In words, $(a,b)$ traps $\theta$ with a probability $1-\alpha$. We call $1-\alpha$ the coverage of the confidence interval.

By choosing an $\alpha$ of $0.05$, we say that the parameter $\theta$ lies within the confidence interval $C_{n}$ with a 95 percent probability.

Note $C_{n}$ is random and $\theta$ is fixed.

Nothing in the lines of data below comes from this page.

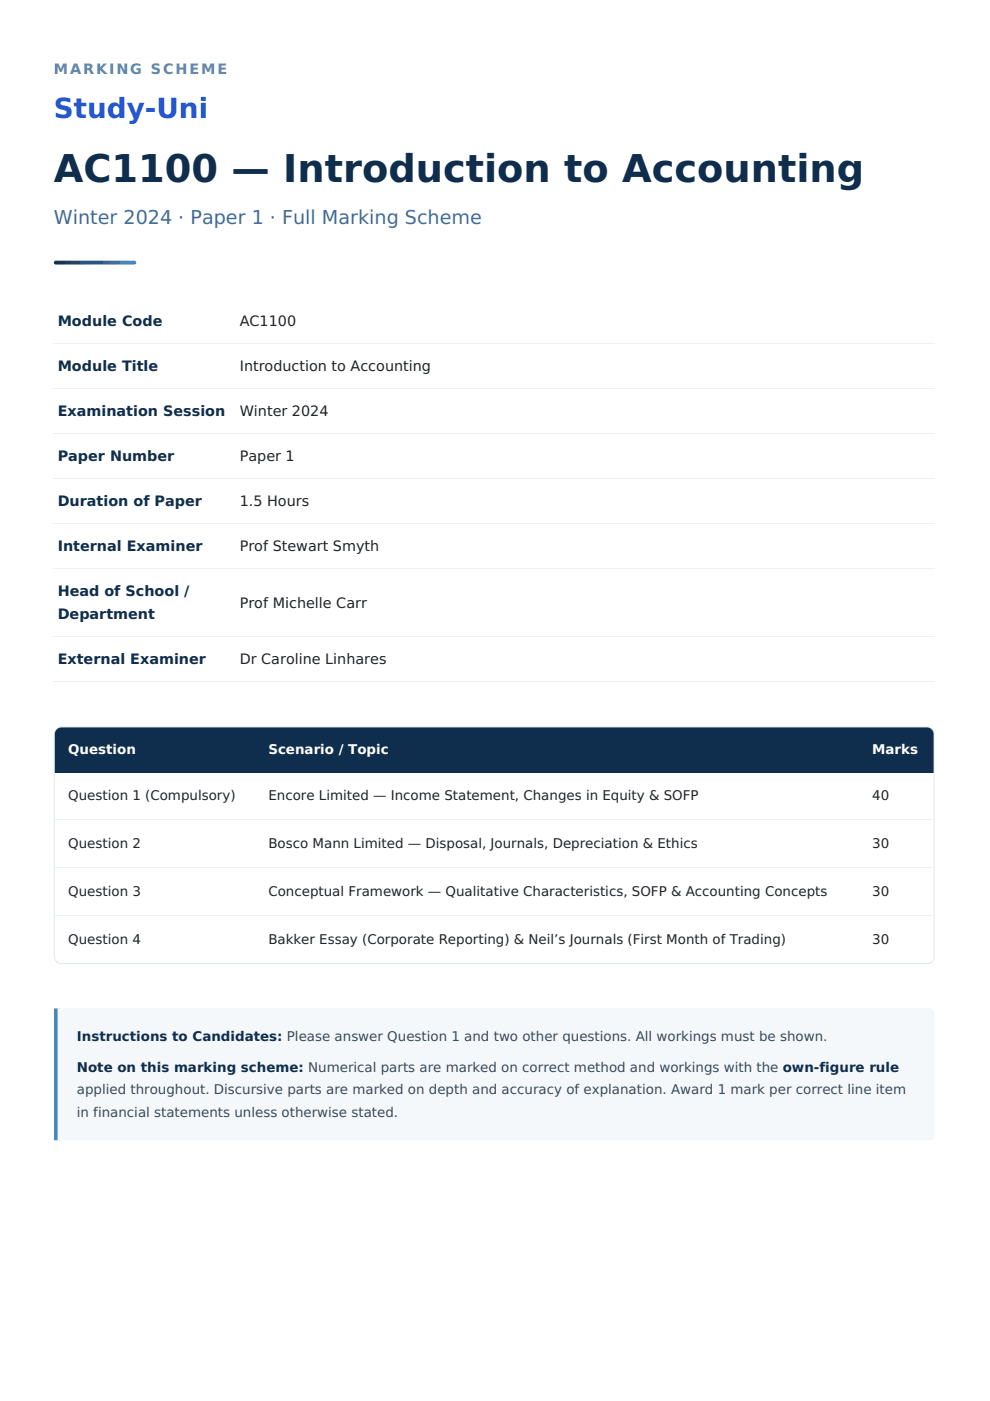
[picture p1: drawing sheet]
<svg xmlns="http://www.w3.org/2000/svg" width="210mm" height="297mm" viewBox="0 0 210 297" stroke-linecap="round" stroke-linejoin="round" font-family="sans-serif">
<defs><g id="words">
<text font-size="8.1" fill="#0f2d4d" x="11.4" y="38.6">AC1100 — Introduction to Accounting</text>
<text font-size="5.9" fill="#2557d6" x="11.4" y="25">Study-Uni</text>
<text font-size="4.1" fill="#3c6f99" x="11.4" y="47.5">Winter 2024 · Paper 1 · Full Marking Scheme</text>
<text font-size="3" fill="#5a87ad" x="11.4" y="15.6">MARKING SCHEME</text>
<g font-size="3" fill="#0f2d4d">
<text x="12.2" y="69.1">Module Code</text>
<text x="12.2" y="78.6">Module Title</text>
<text x="12.2" y="88.2">Examination Session</text>
<text x="12.2" y="97.7">Paper Number</text>
<text x="12.2" y="107.3">Duration of Paper</text>
<text x="12.2" y="116.8">Internal Examiner</text>
<text x="12.2" y="126.4">Head of School /</text>
<text x="12.2" y="131.3">Department</text>
<text x="12.2" y="140.8">External Examiner</text>
</g>
<g font-size="3" fill="#232323">
<text x="50.8" y="69.1">AC1100</text>
<text x="50.8" y="78.6">Introduction to Accounting</text>
<text x="50.8" y="88.2">Winter 2024</text>
<text x="50.8" y="97.7">Paper 1</text>
<text x="50.8" y="107.3">1.5 Hours</text>
<text x="50.8" y="116.8">Prof Stewart Smyth</text>
<text x="50.8" y="128.8">Prof Michelle Carr</text>
<text x="50.8" y="140.8">Dr Caroline Linhares</text>
</g>
<g font-size="2.8" fill="#fff">
<text x="14.5" y="159.9">Question</text>
<text x="56.9" y="159.9">Scenario / Topic</text>
<text x="184.9" y="159.9">Marks</text>
</g>
<g font-size="2.8" fill="#232323">
<text x="14.5" y="169.7">Question 1 (Compulsory)</text>
<text x="56.9" y="169.7">Encore Limited — Income Statement, Changes in Equity &amp; SOFP</text>
<text x="184.9" y="169.7">40</text>
<text x="14.5" y="179.8">Question 2</text>
<text x="56.9" y="179.8">Bosco Mann Limited — Disposal, Journals, Depreciation &amp; Ethics</text>
<text x="184.9" y="179.8">30</text>
<text x="14.5" y="190">Question 3</text>
<text x="56.9" y="190">Conceptual Framework — Qualitative Characteristics, SOFP &amp; Accounting Concepts</text>
<text x="184.9" y="190">30</text>
<text x="14.5" y="200.2">Question 4</text>
<text x="56.9" y="200.2">Bakker Essay (Corporate Reporting) &amp; Neil’s Journals (First Month of Trading)</text>
<text x="184.9" y="200.2">30</text>
</g>
<g font-size="2.8" fill="#0f2d4d">
<text x="16.3" y="220.7">Instructions to Candidates: Please answer Question 1 and two other questions. All workings must be shown.</text>
<text x="16.3" y="227.4">Note on this marking scheme: Numerical parts are marked on correct method and workings with the own-figure rule</text>
</g>
<g font-size="2.8" fill="#3a4a58">
<text x="16.3" y="232.1">applied throughout. Discursive parts are marked on depth and accuracy of explanation. Award 1 mark per correct line item</text>
<text x="16.3" y="236.7">in financial statements unless otherwise stated.</text>
</g>
</g></defs>
<path d="M11.4 55.3h17.5v.8h-17.5z" fill="#000"/>
<path d="M11.4 72.8h186.8M11.4 91.9h186.8M11.4 82.4h186.8M11.4 111h186.8M11.4 101.5h186.8M11.4 135h186.8M11.4 120.6h186.8M11.4 144.6h186.8" fill="none" stroke="#eef1f4" stroke-width=".21"/>
<path d="M11.9 154.5l.7-.4 .4-.1h183.5a1.63 1.63 0 0 1 1.7 1.7v47.1a1.63 1.63 0 0 1-1.7 1.6h-183.5a1.63 1.63 0 0 1-1.6-1.6v-47.1l.1-.5zM12.2 154.5l.8-.3h183.5a1.42 1.42 0 0 1 1.5 1.5v47.1a1.42 1.42 0 0 1-1.5 1.4h-183.5a1.42 1.42 0 0 1-1.4-1.4v-47.1l.1-.5z" fill-rule="evenodd" fill="#dde6ee"/>
<g fill="#0f2d4d">
<path d="M11.6 154.2h42.5v9.6h-42.5z"/>
<path d="M54.1 154.2h128v9.6h-128z"/>
<path d="M182.1 154.2h15.9v9.6h-15.9z"/>
</g>
<path d="M11.6 173.8h186.4M11.6 184h186.4M11.6 194.2h186.4" fill="none" stroke="#eef1f4" stroke-width=".21"/>
<path d="M11.4 213.8h1.2v28h-1.2z" fill="#3c8dc9"/>
<path d="M12.2 213.8h184.7a1.22 1.22 0 0 1 1.3 1.2v25.6a1.22 1.22 0 0 1-1.3 1.2h-184.7z" fill-rule="evenodd" fill="#f4f8fb"/>
<use href="#words"/>
</svg>

While the formal definition provides us with a basic understanding of Confidence Intervals, we are still left a little vague on certain aspects of this definition. For example,

  • Given a distribution of data $X_{1}, ….., X_{n}$, how are the bounds $a$ and $b$ for the CI defined?
  • What relation do these bounds have with $\alpha$ ? How does the choice of $\alpha$ define these bounds?
  • How exactly is parameter $\theta$ trapped within $C_{n} = (a,b)$ ?
  • How do we interpret a confidence interval? Clearly a CI cannot be a probability statement about $\theta$ since $\theta$ is a fixed quantity, not a random variable.

We now explore a detailed derivation of the CI of $n$ random variables, each R.V. is modelled by the Bernoulli distribution. In the pursuit of this derivation, we will try cover all 4 points raised above. I will try to be as elaborate as possible with the derivation, and add explanations where necessary.



Confidence Intervals for Bernoulli Distributed Random Variables

Let $X_{1}, …., X_{n} ~ Bernoulli(p)$ be $n$ Bernoulli distributed independent random variables parametrized by $p$. The parameter $p$ is also the expected value of this distribution. We can therefore ask the question, what is the maximum and minimum value that the average of the observed data deviates from the expected value $p$. In other words, can we find an upper and lower bound for the value of the observed average’s deviation from the expected value? Let’s represent this statement mathematically. For any $\epsilon > 0$, we quantify the magnitude of the observed average $ \bar{X} = n^{-1} \sum_{i=1}^{n}X_{i}$ from the expected value $p$ as,

\[\mathbb{P}(\vert \bar{X}-p \vert > \epsilon)\]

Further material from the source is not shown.